-- Opening Marker --

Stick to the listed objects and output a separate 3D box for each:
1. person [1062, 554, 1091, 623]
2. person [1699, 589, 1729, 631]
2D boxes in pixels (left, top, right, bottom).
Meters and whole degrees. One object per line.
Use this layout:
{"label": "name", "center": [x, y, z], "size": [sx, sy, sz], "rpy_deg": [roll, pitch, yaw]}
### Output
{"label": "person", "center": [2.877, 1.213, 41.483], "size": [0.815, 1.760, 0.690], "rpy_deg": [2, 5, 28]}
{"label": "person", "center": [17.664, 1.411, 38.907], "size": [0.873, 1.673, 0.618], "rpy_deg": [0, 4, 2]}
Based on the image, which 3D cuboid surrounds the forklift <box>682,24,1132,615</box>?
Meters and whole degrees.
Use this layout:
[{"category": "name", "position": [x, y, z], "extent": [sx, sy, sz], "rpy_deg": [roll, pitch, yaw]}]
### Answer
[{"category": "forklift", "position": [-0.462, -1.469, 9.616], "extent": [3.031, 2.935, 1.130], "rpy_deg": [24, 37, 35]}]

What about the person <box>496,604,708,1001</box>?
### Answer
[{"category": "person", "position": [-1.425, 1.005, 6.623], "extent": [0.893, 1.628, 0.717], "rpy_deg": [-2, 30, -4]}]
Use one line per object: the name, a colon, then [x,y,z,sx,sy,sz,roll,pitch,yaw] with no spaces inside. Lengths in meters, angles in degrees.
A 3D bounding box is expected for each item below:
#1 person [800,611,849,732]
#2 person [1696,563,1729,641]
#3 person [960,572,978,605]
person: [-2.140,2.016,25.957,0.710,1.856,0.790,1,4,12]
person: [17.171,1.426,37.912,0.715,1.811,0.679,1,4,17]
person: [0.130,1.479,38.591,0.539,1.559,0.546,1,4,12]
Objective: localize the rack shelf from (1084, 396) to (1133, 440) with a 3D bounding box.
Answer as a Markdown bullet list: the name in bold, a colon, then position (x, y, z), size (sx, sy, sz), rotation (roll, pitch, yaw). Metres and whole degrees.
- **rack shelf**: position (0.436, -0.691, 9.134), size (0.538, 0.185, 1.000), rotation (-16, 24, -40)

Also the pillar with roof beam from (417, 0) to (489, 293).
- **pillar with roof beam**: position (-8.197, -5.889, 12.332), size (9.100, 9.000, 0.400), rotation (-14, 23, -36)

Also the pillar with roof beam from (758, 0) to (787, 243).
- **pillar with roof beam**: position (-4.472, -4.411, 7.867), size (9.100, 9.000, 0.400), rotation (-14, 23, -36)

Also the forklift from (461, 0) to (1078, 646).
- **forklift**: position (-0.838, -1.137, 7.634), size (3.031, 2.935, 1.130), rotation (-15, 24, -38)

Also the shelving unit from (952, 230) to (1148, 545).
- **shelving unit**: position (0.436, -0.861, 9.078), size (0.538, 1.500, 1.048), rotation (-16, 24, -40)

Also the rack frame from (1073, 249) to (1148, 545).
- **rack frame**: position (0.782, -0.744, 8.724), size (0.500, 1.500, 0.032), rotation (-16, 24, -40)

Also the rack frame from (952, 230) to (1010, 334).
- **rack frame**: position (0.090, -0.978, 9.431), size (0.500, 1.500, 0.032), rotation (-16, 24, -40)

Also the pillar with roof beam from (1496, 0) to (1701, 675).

-- Closing Marker --

» **Work required**
A word-for-word restatement of the data above is required.

» **Answer area**
Stick to the listed objects and output a separate 3D box for each:
1. person [1062, 554, 1091, 623]
2. person [1699, 589, 1729, 631]
2D boxes in pixels (left, top, right, bottom).
Meters and whole degrees. One object per line.
Use this layout:
{"label": "name", "center": [x, y, z], "size": [sx, sy, sz], "rpy_deg": [roll, pitch, yaw]}
### Output
{"label": "person", "center": [2.877, 1.213, 41.483], "size": [0.815, 1.760, 0.690], "rpy_deg": [2, 5, 28]}
{"label": "person", "center": [17.664, 1.411, 38.907], "size": [0.873, 1.673, 0.618], "rpy_deg": [0, 4, 2]}
Based on the image, which 3D cuboid surrounds the forklift <box>682,24,1132,615</box>?
Meters and whole degrees.
Use this layout:
[{"category": "name", "position": [x, y, z], "extent": [sx, sy, sz], "rpy_deg": [roll, pitch, yaw]}]
### Answer
[{"category": "forklift", "position": [-0.462, -1.469, 9.616], "extent": [3.031, 2.935, 1.130], "rpy_deg": [24, 37, 35]}]

What about the person <box>496,604,708,1001</box>?
### Answer
[{"category": "person", "position": [-1.425, 1.005, 6.623], "extent": [0.893, 1.628, 0.717], "rpy_deg": [-2, 30, -4]}]
Use one line per object: the name, a colon, then [x,y,z,sx,sy,sz,roll,pitch,yaw] with no spaces inside. Lengths in meters, angles in degrees.
A 3D bounding box is expected for each item below:
#1 person [800,611,849,732]
#2 person [1696,563,1729,641]
#3 person [960,572,978,605]
person: [-2.140,2.016,25.957,0.710,1.856,0.790,1,4,12]
person: [17.171,1.426,37.912,0.715,1.811,0.679,1,4,17]
person: [0.130,1.479,38.591,0.539,1.559,0.546,1,4,12]
Objective: localize the rack shelf from (1084, 396) to (1133, 440) with a 3D bounding box.
Answer as a Markdown bullet list: the name in bold, a colon, then position (x, y, z), size (sx, sy, sz), rotation (roll, pitch, yaw). Metres and whole degrees.
- **rack shelf**: position (0.436, -0.691, 9.134), size (0.538, 0.185, 1.000), rotation (-16, 24, -40)

Also the pillar with roof beam from (417, 0) to (489, 293).
- **pillar with roof beam**: position (-8.197, -5.889, 12.332), size (9.100, 9.000, 0.400), rotation (-14, 23, -36)

Also the pillar with roof beam from (758, 0) to (787, 243).
- **pillar with roof beam**: position (-4.472, -4.411, 7.867), size (9.100, 9.000, 0.400), rotation (-14, 23, -36)

Also the forklift from (461, 0) to (1078, 646).
- **forklift**: position (-0.838, -1.137, 7.634), size (3.031, 2.935, 1.130), rotation (-15, 24, -38)

Also the shelving unit from (952, 230) to (1148, 545).
- **shelving unit**: position (0.436, -0.861, 9.078), size (0.538, 1.500, 1.048), rotation (-16, 24, -40)

Also the rack frame from (1073, 249) to (1148, 545).
- **rack frame**: position (0.782, -0.744, 8.724), size (0.500, 1.500, 0.032), rotation (-16, 24, -40)

Also the rack frame from (952, 230) to (1010, 334).
- **rack frame**: position (0.090, -0.978, 9.431), size (0.500, 1.500, 0.032), rotation (-16, 24, -40)

Also the pillar with roof beam from (1496, 0) to (1701, 675).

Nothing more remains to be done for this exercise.